Search the records below for the word "Generators". Copy each line where it occurs.
= Beginning of Section =
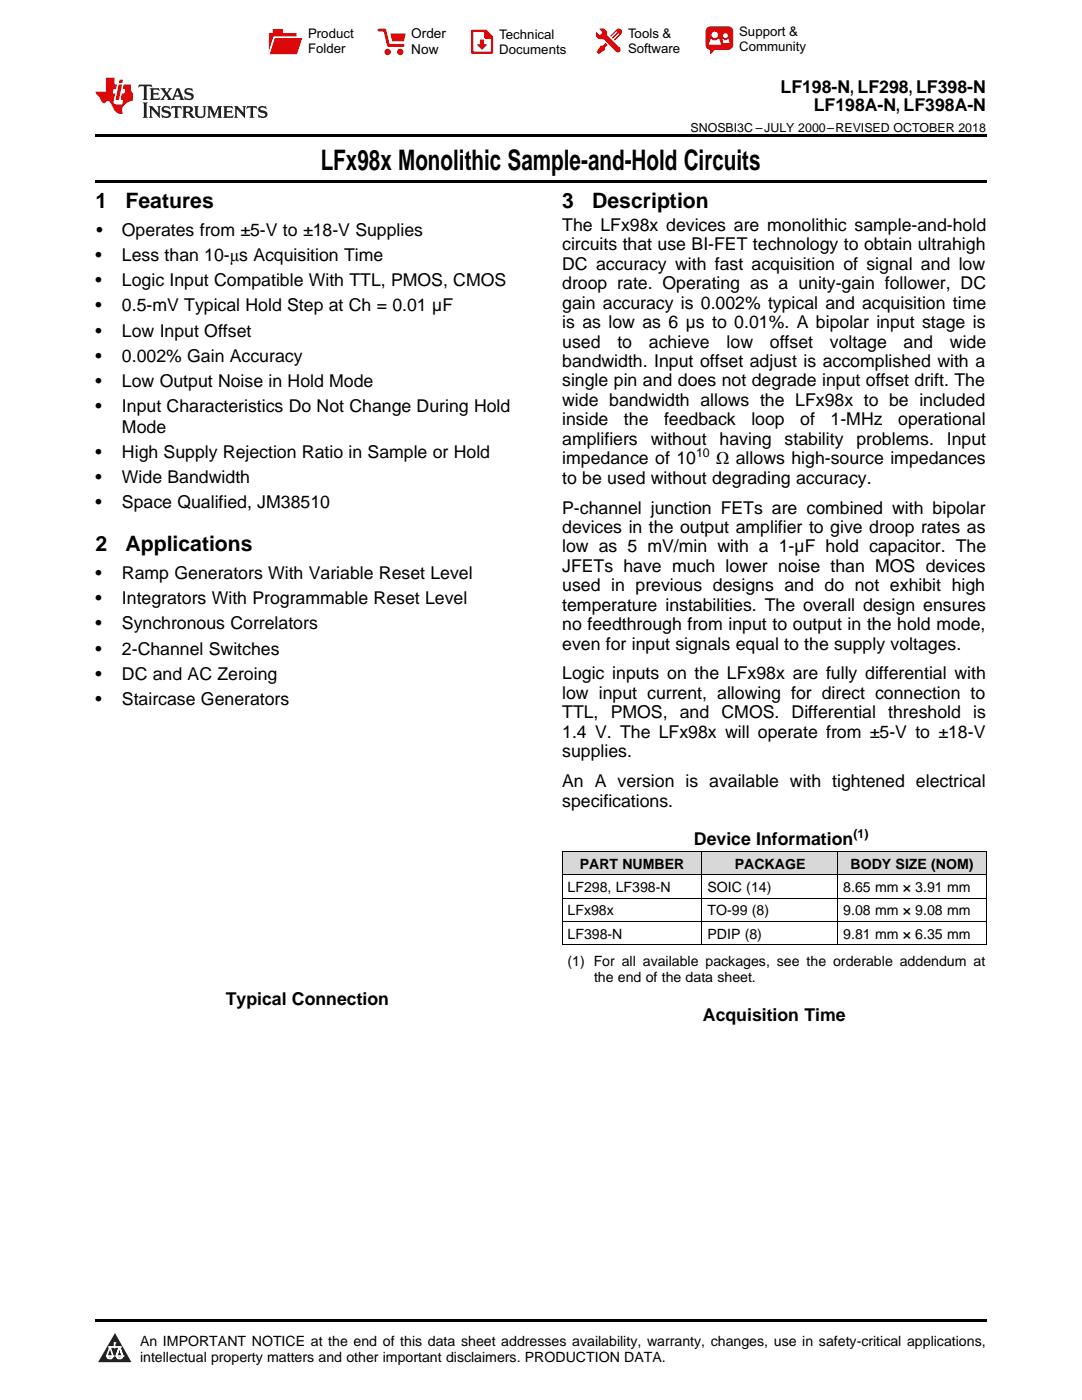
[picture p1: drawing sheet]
<svg xmlns="http://www.w3.org/2000/svg" width="216mm" height="279mm" viewBox="0 0 216 279" stroke-linecap="round" stroke-linejoin="round" font-family="sans-serif">
<defs><g id="words">
<text font-size="5.6" x="64" y="33.9">LFx98x Monolithic Sample-and-Hold Circuits</text>
<g font-size="4.2">
<text x="19" y="41.4">1</text>
<text x="25" y="41.4">Features</text>
<text x="112.2" y="41.4">3</text>
<text x="118.2" y="41.4">Description</text>
<text x="19" y="109.9">2</text>
<text x="25" y="109.9">Applications</text>
</g>
<g font-size="3.5">
<text x="155.8" y="18.6">LF198-N, LF298, LF398-N</text>
<text x="162.4" y="22.2">LF198A-N, LF398A-N</text>
<text x="19.2" y="47.1">•</text>
<text x="24.3" y="47.1">Operates from ±5-V to ±18-V Supplies</text>
<text x="112.2" y="46.1">The LFx98x devices are monolithic sample-and-hold</text>
<text x="19" y="52.1">•</text>
<text x="24.3" y="52.1">Less than 10-μs Acquisition Time</text>
<text x="112.2" y="50">circuits that use BI-FET technology to obtain ultrahigh</text>
<text x="112.2" y="53.8">DC accuracy with fast acquisition of signal and low</text>
<text x="19" y="57.2">•</text>
<text x="24.3" y="57.2">Logic Input Compatible With TTL, PMOS, CMOS</text>
<text x="112.2" y="57.7">droop rate. Operating as a unity-gain follower, DC</text>
<text x="19" y="62.2">•</text>
<text x="24.3" y="62.2">0.5-mV Typical Hold Step at Ch = 0.01 µF</text>
<text x="112.2" y="61.6">gain accuracy is 0.002% typical and acquisition time</text>
<text x="112.2" y="65.5">is as low as 6 µs to 0.01%. A bipolar input stage is</text>
<text x="19" y="67.2">•</text>
<text x="24.3" y="67.2">Low Input Offset</text>
<text x="112.2" y="69.4">used</text>
<text x="123.2" y="69.4">to</text>
<text x="129.5" y="69.4">achieve</text>
<text x="145" y="69.4">low</text>
<text x="153.6" y="69.4">offset</text>
<text x="165.6" y="69.4">voltage</text>
<text x="180.3" y="69.4">and</text>
<text x="189.6" y="69.4">wide</text>
<text x="19" y="72.2">•</text>
<text x="19" y="77.2">•</text>
<text x="24.3" y="72.2">0.002% Gain Accuracy</text>
<text x="24.3" y="77.2">Low Output Noise in Hold Mode</text>
<text x="112.2" y="73.2">bandwidth. Input offset adjust is accomplished with a</text>
<text x="112.2" y="77.1">single pin and does not degrade input offset drift. The</text>
<text x="19" y="82.2">•</text>
<text x="24.3" y="82.2">Input Characteristics Do Not Change During Hold</text>
<text x="112.2" y="81">wide bandwidth allows the LFx98x to be included</text>
<text x="24.3" y="86.4">Mode</text>
<text x="112.2" y="84.9">inside</text>
<text x="112.2" y="88.8">amplifiers</text>
<text x="124.5" y="84.9">the</text>
<text x="129.8" y="88.8">without</text>
<text x="132.5" y="84.9">feedback</text>
<text x="143.6" y="88.8">having</text>
<text x="149.9" y="84.9">loop</text>
<text x="156.6" y="88.8">stability</text>
<text x="159.7" y="84.9">of</text>
<text x="165.7" y="84.9">1-MHz</text>
<text x="170.9" y="88.8">problems.</text>
<text x="179.2" y="84.9">operational</text>
<text x="188.9" y="88.8">Input</text>
<text x="19" y="91.4">•</text>
<text x="24.3" y="91.4">High Supply Rejection Ratio in Sample or Hold</text>
<text x="112.2" y="92.6">impedance of 10</text>
<text x="142.9" y="92.6">Ω allows high-source impedances</text>
<text x="19" y="96.4">•</text>
<text x="19" y="101.5">•</text>
<text x="24.3" y="96.4">Wide Bandwidth</text>
<text x="24.3" y="101.5">Space Qualified, JM38510</text>
<text x="112.2" y="96.5">to be used without degrading accuracy.</text>
<text x="112.2" y="102.5">P-channel junction FETs are combined with bipolar</text>
<text x="112.2" y="106.4">devices in the output amplifier to give droop rates as</text>
<text x="112.2" y="110.2">low as 5 mV/min with a 1-µF hold capacitor. The</text>
<text x="19" y="115.6">•</text>
<text x="24.3" y="115.6">Ramp Generators With Variable Reset Level</text>
<text x="112.2" y="114.1">JFETs have much lower noise than MOS devices</text>
<text x="112.2" y="118">used in previous designs and do not exhibit high</text>
<text x="19" y="120.6">•</text>
<text x="19" y="125.6">•</text>
<text x="24.3" y="120.6">Integrators With Programmable Reset Level</text>
<text x="24.3" y="125.6">Synchronous Correlators</text>
<text x="112.2" y="121.9">temperature instabilities. The overall design ensures</text>
<text x="112.2" y="125.8">no feedthrough from input to output in the hold mode,</text>
<text x="19" y="130.6">•</text>
<text x="24.3" y="130.6">2-Channel Switches</text>
<text x="112.2" y="129.6">even for input signals equal to the supply voltages.</text>
<text x="19" y="135.6">•</text>
<text x="24.3" y="135.6">DC and AC Zeroing</text>
<text x="112.2" y="135.6">Logic inputs on the LFx98x are fully differential with</text>
<text x="19" y="140.7">•</text>
<text x="24.3" y="140.7">Staircase Generators</text>
<text x="112.2" y="139.5">low input current, allowing for direct connection to</text>
<text x="112.2" y="143.4">TTL, PMOS, and CMOS. Differential threshold is</text>
<text x="112.2" y="147.2">1.4 V. The LFx98x will operate from ±5-V to ±18-V</text>
<text x="112.2" y="151.1">supplies.</text>
<text x="112.2" y="157.1">An A version is available with tightened electrical</text>
<text x="112.2" y="161">specifications.</text>
<text x="138.5" y="168.7">Device Information</text>
<text x="45" y="200.6">Typical Connection</text>
<text x="140.3" y="203.8">Acquisition Time</text>
</g>
<g font-size="2.8">
<text x="115.7" y="173.4">PART NUMBER</text>
<text x="146.6" y="173.4">PACKAGE</text>
<text x="169.7" y="173.4">BODY SIZE (NOM)</text>
<text x="113.2" y="178">LF298, LF398-N</text>
<text x="141.2" y="178">SOIC (14)</text>
<text x="168.3" y="178">8.65 mm × 3.91 mm</text>
<text x="113.2" y="182.7">LFx98x</text>
<text x="141.2" y="182.7">TO-99 (8)</text>
<text x="168.3" y="182.7">9.08 mm × 9.08 mm</text>
<text x="113.2" y="187.3">LF398-N</text>
<text x="141.2" y="187.3">PDIP (8)</text>
<text x="168.3" y="187.3">9.81 mm × 6.35 mm</text>
<text x="113.2" y="192.8">(1) For all available packages, see the orderable addendum at</text>
<text x="118.5" y="196">the end of the data sheet.</text>
<text x="27.9" y="268.6">An IMPORTANT NOTICE at the end of this data sheet addresses availability, warranty, changes, use in safety-critical applications,</text>
<text x="27.9" y="271.8">intellectual property matters and other important disclaimers. PRODUCTION DATA.</text>
</g>
<g font-size="2.7">
<text x="82.1" y="7.7">Order</text>
<text x="82.1" y="10.7">Now</text>
</g>
<g font-size="2.6">
<text x="61.5" y="7.6">Product</text>
<text x="61.5" y="10.6">Folder</text>
<text x="99.6" y="7.8">Technical</text>
<text x="99.6" y="10.8">Documents</text>
<text x="125.3" y="7.6">Tools &amp;</text>
<text x="125.3" y="10.6">Software</text>
<text x="147.5" y="7.2">Support &amp;</text>
<text x="147.5" y="10.2">Community</text>
</g>
<g font-size="2.5">
<text x="137.8" y="26.3">SNOSBI3C –JULY 2000–REVISED OCTOBER 2018</text>
<text x="138.9" y="91.2">10</text>
<text x="170.3" y="167.3">(1)</text>
</g>
</g></defs>
<g fill="#d8d8d8">
<path d="M112.2 170h27.9v4.6h-27.9z"/>
<path d="M140.1 170h27.1v4.6h-27.1z"/>
<path d="M167.2 170h29.6v4.6h-29.6z"/>
</g>
<path d="M22.9 266l3.3 5.9h-6.6z" fill="#231f20"/>
<path d="M21.3 270.6h1.2l-.3 .5h-.3a.53 .53 0 0 1-.6-.5z" fill-rule="evenodd" fill="#fff"/>
<path d="M21.3 270.6h1.2l-.3 .5h-.3a.53 .53 0 0 1-.6-.5z" fill="none" stroke="#231f20" stroke-width=".33"/>
<path d="M21.3 270.6l1.2 .1-.3 .4h-.5z" fill="none" stroke="#fff" stroke-width=".33"/>
<path d="M22.9 268.9h.1" fill="none" stroke="#fff" stroke-width=".33"/>
<path d="M22.9 268v.9z" fill="#fff"/>
<path d="M22.9 268v.9z" fill="none" stroke="#fff" stroke-width=".33"/>
<circle cx="22.9" cy="268" r=".16" fill="#fff"/>
<path d="M21.8 268.8h.1" fill="none" stroke="#fff" stroke-width=".33"/>
<path d="M21.8 268.8h2.2z" fill="#fff"/>
<path d="M21.8 268.8h2.2z" fill="none" stroke="#fff" stroke-width=".33"/>
<circle cx="24" cy="268.8" r=".16" fill="#fff"/>
<path d="M23.2 270.6h.1" fill="none" stroke="#fff" stroke-width=".33"/>
<path d="M23.8 268.8l-.6 1.8z" fill="#fff"/>
<path d="M23.8 268.8l-.6 1.8z" fill="none" stroke="#fff" stroke-width=".33"/>
<path d="M23.8 268.8l.7 1.8z" fill="#fff"/>
<path d="M23.8 268.8l.7 1.8z" fill="none" stroke="#fff" stroke-width=".33"/>
<path d="M24.4 270.6h.1" fill="none" stroke="#fff" stroke-width=".33"/>
<circle cx="21.3" cy="270.6" r=".16" fill="#fff"/>
<path d="M22 268.8l-.7 1.8z" fill="#fff"/>
<path d="M22 268.8l-.7 1.8z" fill="none" stroke="#fff" stroke-width=".33"/>
<path d="M22 268.8l.5 1.8z" fill="#fff"/>
<path d="M22 268.8l.5 1.8z" fill="none" stroke="#fff" stroke-width=".33"/>
<circle cx="22.5" cy="270.6" r=".16" fill="#fff"/>
<path d="M23.3 270.6h1.2a.63 .63 0 0 1-.6 .5 .63 .63 0 0 1-.6-.5z" fill-rule="evenodd" fill="#fff"/>
<path d="M23.3 270.6h1.2a.63 .63 0 0 1-.6 .5 .63 .63 0 0 1-.6-.5z" fill="none" stroke="#231f20" stroke-width=".33"/>
<path d="M23.3 270.6h1.2l-.4 .5h-.5z" fill="none" stroke="#fff" stroke-width=".33"/>
<path d="M23.2 270.6h.1" fill="none" stroke="#fff" stroke-width=".33"/>
<circle cx="24.5" cy="270.6" r=".16" fill="#fff"/>
<path d="M19 35.9h177.8v.5h-177.8zM19 26.8h177.8v.6h-177.8zM112.2 188.6h.1zM167.1 188.6h.1zM196.7 188.6h.1zM19 263.2h177.8v.5h-177.8z" fill="#000"/>
<path d="M112.2 179.2h84.6M112.2 174.6h84.6M112.2 169.9h84.6M112.2 169.9v18.7M140.1 169.9v18.7M167.2 169.9v18.7M196.8 169.9v18.7M112.2 188.5h84.6M112.2 183.9h84.6" fill="none" stroke="#000" stroke-width=".2"/>
<path d="M27.7 16.9l-.1 .6 .6-.3h.5v.2v2.2l-.2 .4h1l-.2-.4v-2.2v-.2h.5l.6 .3-.2-.6zM29.9 17.6l.2 .4v1.6l-.2 .4h1.9l.1-.6a1.09 1.09 0 0 1-1.3 .1v-.6h.6l.4 .2v-.7l-.2 .2h-.8v-.6l.2-.1a1.01 1.01 0 0 1 1 .3l-.1-.6zM32 17.6l.9 1.2-1 1.2h.9l-.2-.3 .5-.7 .5 .7-.3 .3h1.7l-.2-.3 .1-.4h1l.1 .4-.2 .3h1l-.3-.4-.7-2h-.5l-1 2.2-.8-1.1 .9-1.1h-.9l.2 .2-.4 .7-.4-.7 .2-.2zM35.4 18l.4 1h-.8zM37 17.7a.66 .66 0 0 0-.2 .8 .66 .66 0 0 0 .6 .4l.7 .2 .1 .2a.8 .8 0 0 1-.7 .4 .8 .8 0 0 1-.7-.5l.1 .8 .2-.2a.94 .94 0 0 0 1.1 .1 .94 .94 0 0 0 .4-.9 1.48 1.48 0 0 0-1.3-.6v-.4a1.1 1.1 0 0 1 1.2 .2l-.2-.6-.2 .1-.5-.1zM28.5 20.4l.2 .4v2.3l-.2 .4h1l-.2-.4v-2.3l.2-.4zM29.7 21.2l.2 .4v1.5l-.2 .4h.8l-.3-.4 .1-1.3 1.6 1.8v-2l.2-.4h-.7l.2 .2v1.1l-1.2-1.3zM32.5 21.3a.66 .66 0 0 0-.2 .8 .66 .66 0 0 0 .6 .4l.6 .2 .2 .2a.8 .8 0 0 1-.8 .4 .8 .8 0 0 1-.7-.5l.2 .7 .2-.1a.94 .94 0 0 0 1 .1 .94 .94 0 0 0 .5-1 1.47 1.47 0 0 0-1.3-.6l-.1-.3a1.1 1.1 0 0 1 1.3 .2l-.2-.6-.2 .1-.5-.2zM34.3 21.2l-.2 .6a.64 .64 0 0 1 .8-.3v1.6l-.2 .4h1l-.3-.4 .1-1.6a.66 .66 0 0 1 .8 .3l-.2-.6zM36.3 21.2l.3 .4v1.5l-.3 .4h1l-.2-.2v-.7h.5l.1 .1a.8 .8 0 0 0 1.2 .7l-1-1a.62 .62 0 0 0 .6-.5 .62 .62 0 0 0-.6-.7zM37.1 21.5h.1a.48 .48 0 0 1 .6 0 .48 .48 0 0 1 .1 .6l-.2 .1-.6 .1zM38.7 21.2l.2 .2a2.29 2.29 0 0 0 .4 2 1.05 1.05 0 0 0 1.7-.7v-1.3l.2-.2h-.8l.2 .4v1.1a.61 .61 0 0 1-.6 .6 .61 .61 0 0 1-.6-.6v-1.1l.3-.4zM41.3 21.2l.3 .4v1.5l-.3 .4h.8l-.2-.4v-1.4l.8 1.9 .9-1.9v1.4l-.2 .4h.9l-.2-.4v-1.5l.2-.4h-.8l-.7 1.5-.6-1.5zM44.5 21.2l.2 .4v1.5l-.2 .4h1.9l.2-.6a1.1 1.1 0 0 1-1.4 .2v-.7h.6l.4 .2v-.6l-.2 .1-.8 .1v-.6l.2-.1a1.02 1.02 0 0 1 1.1 .2l-.2-.5zM46.7 21.2l.2 .4v1.5l-.2 .4h.8l-.3-.4 .1-1.3 1.6 1.8v-2l.2-.4h-.7l.2 .2v1.1l-1.2-1.3zM49.3 21.2l-.1 .6a.64 .64 0 0 1 .8-.3v1.6l-.3 .4h1l-.2-.4v-1.6a.66 .66 0 0 1 .8 .3l-.1-.6zM51.7 21.3a.66 .66 0 0 0-.2 .7 .66 .66 0 0 0 .7 .5l.6 .2 .1 .2a.8 .8 0 0 1-.7 .4 .8 .8 0 0 1-.7-.5l.1 .7 .2-.1a.94 .94 0 0 0 1.1 .1 .94 .94 0 0 0 .4-1 1.48 1.48 0 0 0-1.2-.6l-.1-.3a1.1 1.1 0 0 1 1.2 .2l-.2-.6-.1 .1-.6-.2z" fill="#231f20"/>
<path d="M21.1 15.5v2.8h-2v.4l.9 .9a.96 .96 0 0 0 1 1 .59 .59 0 0 1 .5-.4 .59 .59 0 0 1 .5 .3l.4 .8a1.61 1.61 0 0 0 2.1 1.3 1.63 1.63 0 0 1 1.1-2.2l.9-.3v-1.5a1.6 1.6 0 0 1-.4-1.7h-1.4l-.2 .9h.5l-.2 .8h-.5l-.2 1v.3h.5l-.2 .9h-.7a.74 .74 0 0 1-1-.6l.3-1.6h-.5l.2-.8h.5l.1-.9h-.4v-1.4zM23.7 16.9l-.7 3h.8l.6-3zM23.8 15.9l-.1 .7h.7l.2-.7z" fill="#ee1d23"/>
<g fill="#d60000">
<path d="M54.4 5.8h2v.8h2.8v4.2h-5.5v-4.2h.7z" fill-rule="evenodd"/>
<path d="M54.7 7.5h5.6l-1 3.3h-5.6z" fill-rule="evenodd"/>
</g>
<path d="M54.6 7.4h5.8l-.1 .1h-5.5l-1.1 3.3z" fill-rule="evenodd" fill="#fff"/>
<path d="M54.6 7.4h5.8l-.1 .1h-5.5l-1.1 3.3z" fill="none" stroke="#fff" stroke-width=".2"/>
<path d="M75.6 6h1.2l.7 3.1h3" fill="none" stroke="#d60000" stroke-width=".56"/>
<g fill="#d60000">
<path d="M77.9 6.7h3.1l-.4 1.5h-2.3z" fill-rule="evenodd"/>
<circle cx="77.3" cy="10.4" r=".64"/>
<circle cx="79.9" cy="10.4" r=".64"/>
</g>
<path d="M94.2 6.2h2.7l1.3 1.2v3.1h-4z" fill="none" stroke="#d60000" stroke-width=".44"/>
<g fill="#d60000">
<path d="M95.8 7.9h.8v1h.6l-1 1.1-1-1v-.1h.6z" fill-rule="evenodd"/>
<path d="M96.6 6.2h.3l1.3 1.2v.4h-1.3l-.3-.4z" fill-rule="evenodd"/>
<path d="M119.6 5.7h.9l.6 .6 .1 .7 2.5 2.5-.8 .8-2.3-2.3-1.1-.2-.6-.6v-.8l.7 .6 .5-.4v-.2l-.4-.5z" fill-rule="evenodd"/>
<path d="M119.9 9.1h.4l.5-.5 .4 .4-.5 .5v.4l-1.2 .9-.5-.5z" fill-rule="evenodd"/>
<path d="M123 5.9a.67 .67 0 0 1 .9 0 .67 .67 0 0 1 0 .9z" fill-rule="evenodd"/>
<path d="M123 5.9l.9 .9-1.2 1.2h-.2l.1-.2 .9-.9 .1-.2h-.3l-.9 1h-.2v-.2l.9-1 .1-.2h-.3l-.9 1h-.2v-.2z" fill-rule="evenodd"/>
<circle cx="123.3" cy="9.9" r=".54"/>
</g>
<path d="M121.1 6.3l-.1 .7" fill="none" stroke="#d60000" stroke-width=".2"/>
<g fill="#d60000">
<path d="M141.1 5.5l.6-.2h3.6a.95 .95 0 0 1 1 .9v2.8a.95 .95 0 0 1-1 .9h-3.6a.95 .95 0 0 1-.9-.9v-2.8z" fill-rule="evenodd"/>
<path d="M141.7 9.9h.9l-.7 .9h-.2z" fill-rule="evenodd"/>
</g>
<g fill="#fff">
<path d="M144.3 8.6h1.3z"/>
<path d="M141.8 7.8h.3l.1 .2h.8l.2-.2h.3l.4 1.1h-2.5z" fill-rule="evenodd"/>
<path d="M144.2 7.8h.2l.2 .2h.4l.2-.2h.2l.2 .8h-1.3z" fill-rule="evenodd"/>
<circle cx="142.6" cy="6.9" r=".65"/>
<circle cx="144.8" cy="7.1" r=".48"/>
</g>
<use href="#words"/>
</svg>
= End of Section =
__YOUR RESPONSE__:
<text x="24.3" y="115.6">Ramp Generators With Variable Reset Level</text>
<text x="24.3" y="140.7">Staircase Generators</text>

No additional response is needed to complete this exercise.